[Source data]
····················

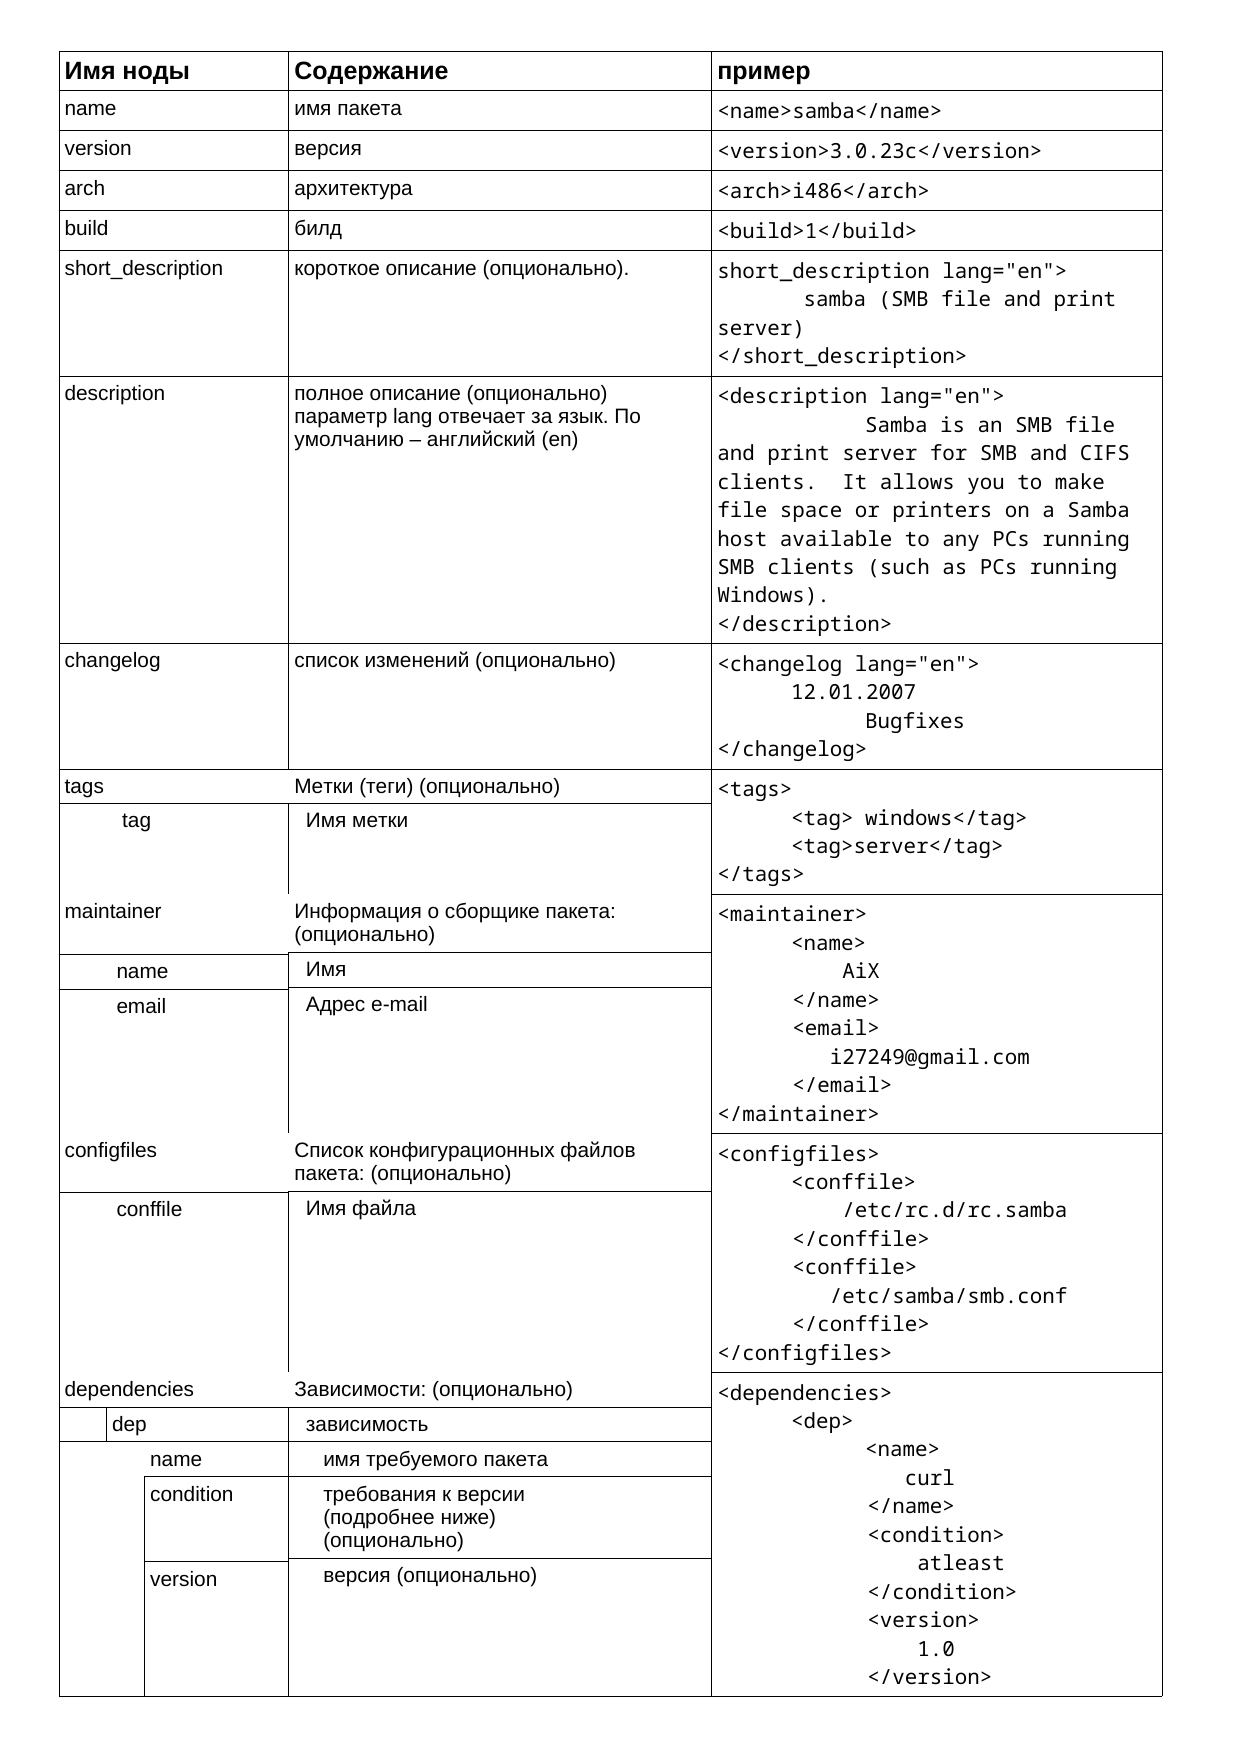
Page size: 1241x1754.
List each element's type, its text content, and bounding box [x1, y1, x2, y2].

table_cell version [60, 131, 288, 170]
table_cell [60, 1442, 144, 1696]
table_cell name [60, 955, 288, 989]
table_cell <name>samba</name> [712, 91, 1162, 130]
table_cell arch [60, 171, 288, 210]
table_header Информация о сборщике пакета: (опционально) [289, 894, 711, 952]
table_cell name [60, 91, 288, 130]
table_cell <build>1</build> [712, 211, 1162, 250]
table_cell <changelog lang="en"> 12.01.2007 Bugfixes </changelog> [712, 644, 1162, 768]
table_cell версия (опционально) [289, 1559, 711, 1696]
table_cell version [145, 1562, 288, 1696]
table_header dependencies [60, 1372, 288, 1407]
table_cell Адрес e-mail [289, 988, 711, 1133]
table_cell Имя файла [289, 1192, 711, 1372]
table_cell changelog [60, 644, 288, 768]
table_cell имя требуемого пакета [289, 1442, 711, 1476]
table_header пример [712, 52, 1162, 90]
table_header Список конфигурационных файлов пакета: (опционально) [289, 1133, 711, 1191]
table_cell <dependencies> <dep> <name> curl </name> <condition> atleast </condition> <version> 1.0 </version> [712, 1373, 1162, 1696]
table_header Метки (теги) (опционально) [289, 770, 711, 803]
table_cell short_description [60, 251, 288, 376]
table_cell email [60, 990, 288, 1133]
table_cell архитектура [289, 171, 711, 210]
table_cell Имя метки [289, 804, 711, 894]
table_header configfiles [60, 1133, 288, 1192]
table_cell <description lang="en"> Samba is an SMB file and print server for SMB and CIFS clients. It allows you to make file space or printers on a Samba host available to any PCs running SMB clients (such as PCs running Windows). </description> [712, 377, 1162, 643]
table_cell <version>3.0.23c</version> [712, 131, 1162, 170]
table_cell condition [145, 1477, 288, 1561]
table_cell [60, 1408, 106, 1441]
table_cell короткое описание (опционально). [289, 251, 711, 376]
table_cell dep [107, 1408, 288, 1441]
table_cell build [60, 211, 288, 250]
table_cell <arch>i486</arch> [712, 171, 1162, 210]
table_header name [144, 1442, 288, 1476]
table_cell description [60, 377, 288, 643]
table_cell Имя [289, 953, 711, 987]
table_cell версия [289, 131, 711, 170]
table_cell требования к версии (подробнее ниже) (опционально) [289, 1477, 711, 1557]
table_cell tag [60, 804, 288, 894]
table_cell <maintainer> <name> AiX </name> <email> i27249@gmail.com </email> </maintainer> [712, 895, 1162, 1133]
table_header Содержание [289, 52, 711, 90]
table_cell список изменений (опционально) [289, 644, 711, 768]
table_cell полное описание (опционально) параметр lang отвечает за язык. По умолчанию – английский (en) [289, 377, 711, 643]
table_header Зависимости: (опционально) [289, 1372, 711, 1407]
table_cell <tags> <tag> windows</tag> <tag>server</tag> </tags> [712, 770, 1162, 894]
table_cell <configfiles> <conffile> /etc/rc.d/rc.samba </conffile> <conffile> /etc/samba/smb.conf </conffile> </configfiles> [712, 1134, 1162, 1372]
table_header tags [60, 770, 288, 803]
table_cell зависимость [289, 1408, 711, 1441]
table_cell имя пакета [289, 91, 711, 130]
table_header maintainer [60, 894, 288, 954]
table_cell билд [289, 211, 711, 250]
table_header Имя ноды [60, 52, 288, 90]
table_cell short_description lang="en"> samba (SMB file and print server) </short_description> [712, 251, 1162, 376]
table_cell conffile [60, 1193, 288, 1372]
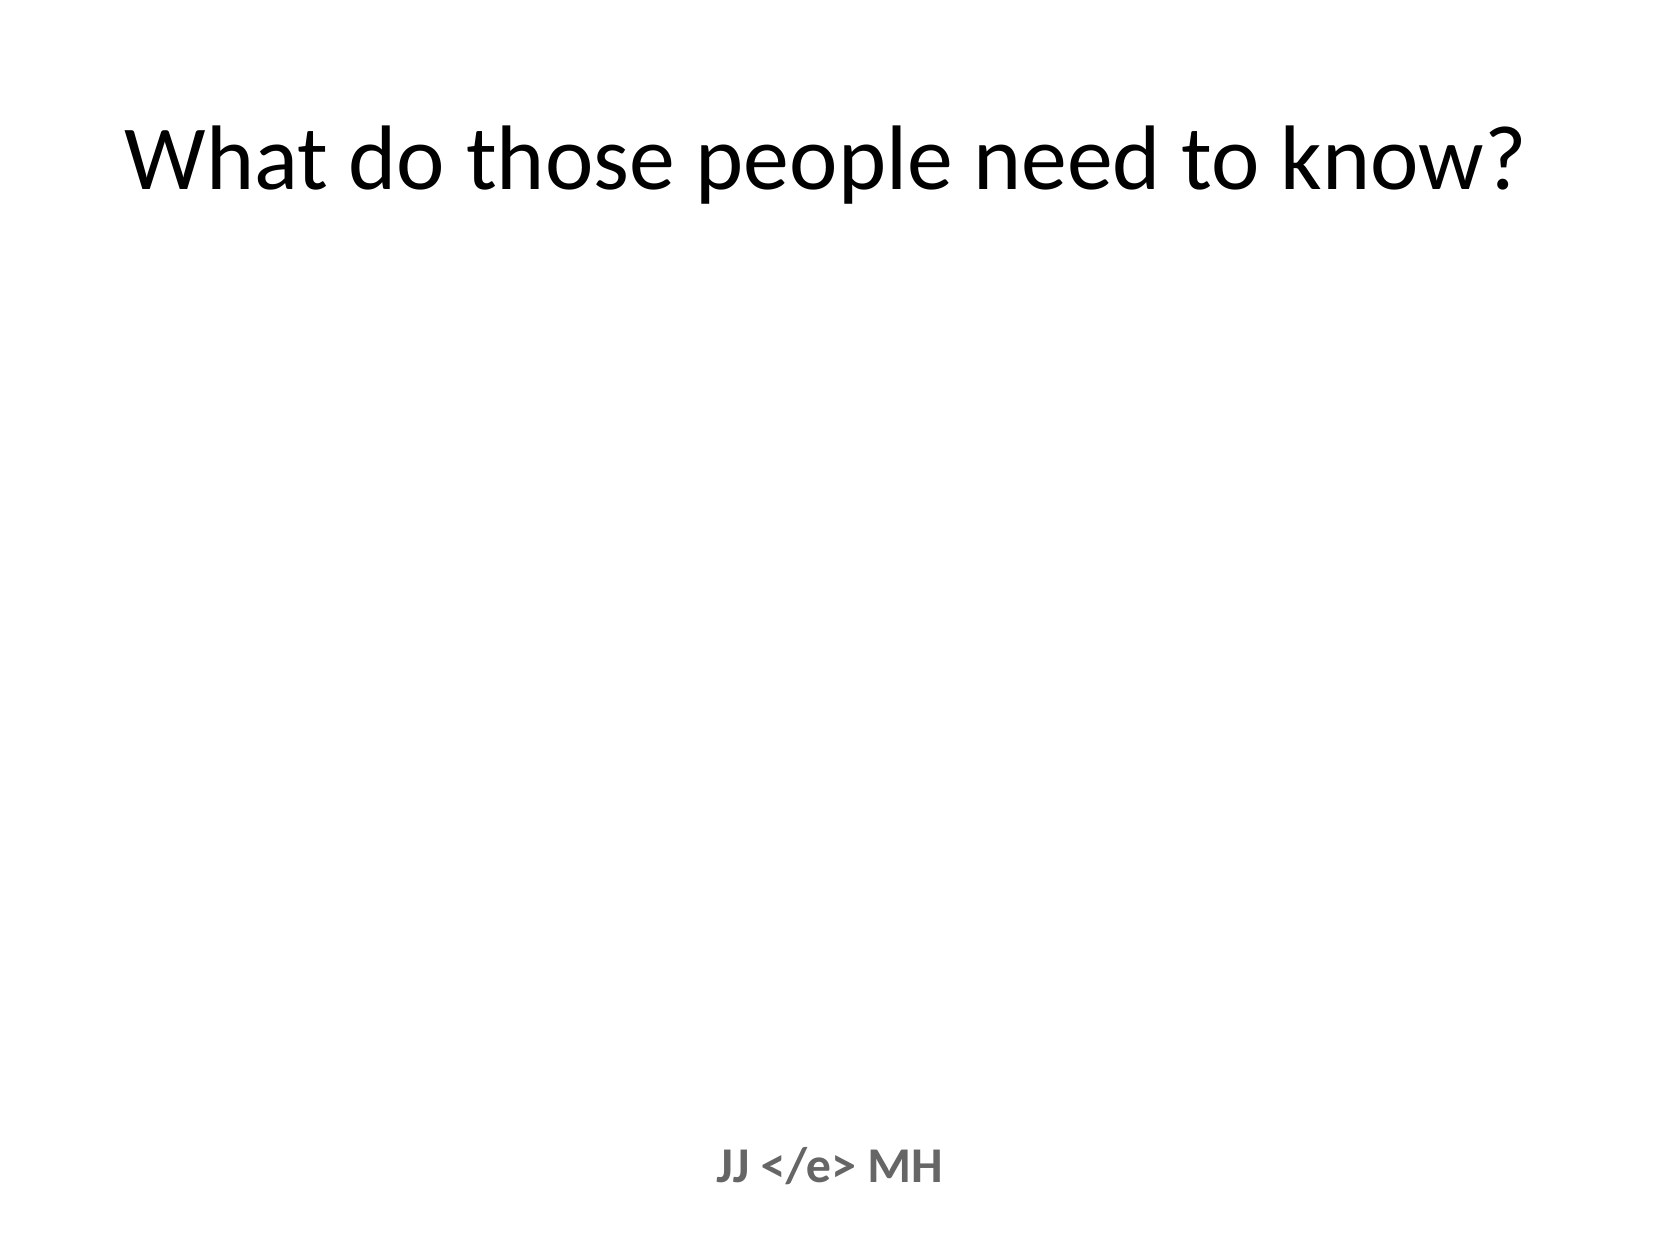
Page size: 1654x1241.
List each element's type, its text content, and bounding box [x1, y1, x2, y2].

text_box JJ </e> MH [567, 1132, 1092, 1219]
title What do those people need to know? [82, 49, 1571, 257]

····················

-- Your task --
Using the entries above, state how many lines contain the string "configfiles"; the number is all that is needed.

-- Finished task --
2